Information provided:
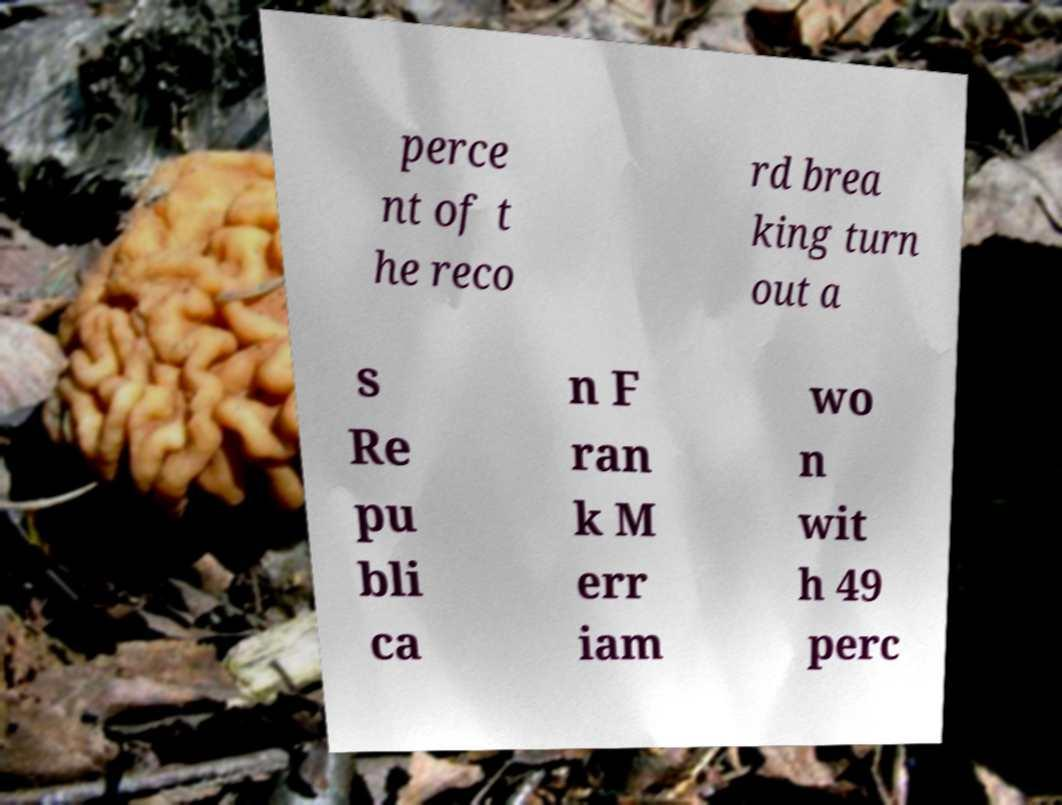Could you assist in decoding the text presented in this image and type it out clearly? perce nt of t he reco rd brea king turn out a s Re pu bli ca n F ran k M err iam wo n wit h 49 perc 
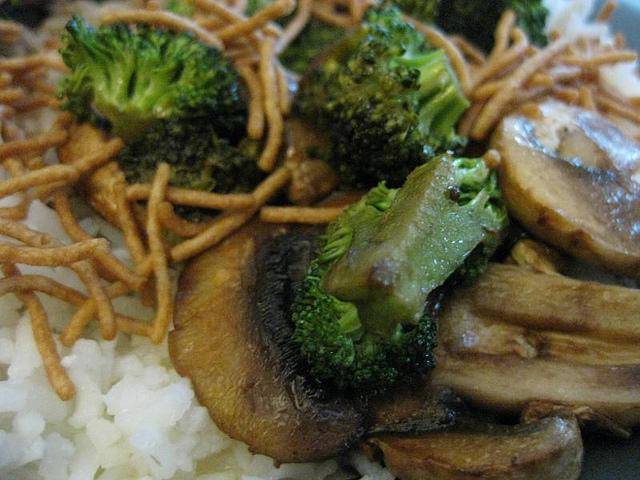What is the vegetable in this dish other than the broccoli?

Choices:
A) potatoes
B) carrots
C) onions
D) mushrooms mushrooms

Try it:
Leaving out the pictures, reproduce the whole listing above exactly.

Exercise answer:
Could you assist in decoding the text presented in this image and type it out clearly? perce nt of t he reco rd brea king turn out a s Re pu bli ca n F ran k M err iam wo n wit h 49 perc 
What is the vegetable in this dish other than the broccoli?

Choices:
A) potatoes
B) carrots
C) onions
D) mushrooms mushrooms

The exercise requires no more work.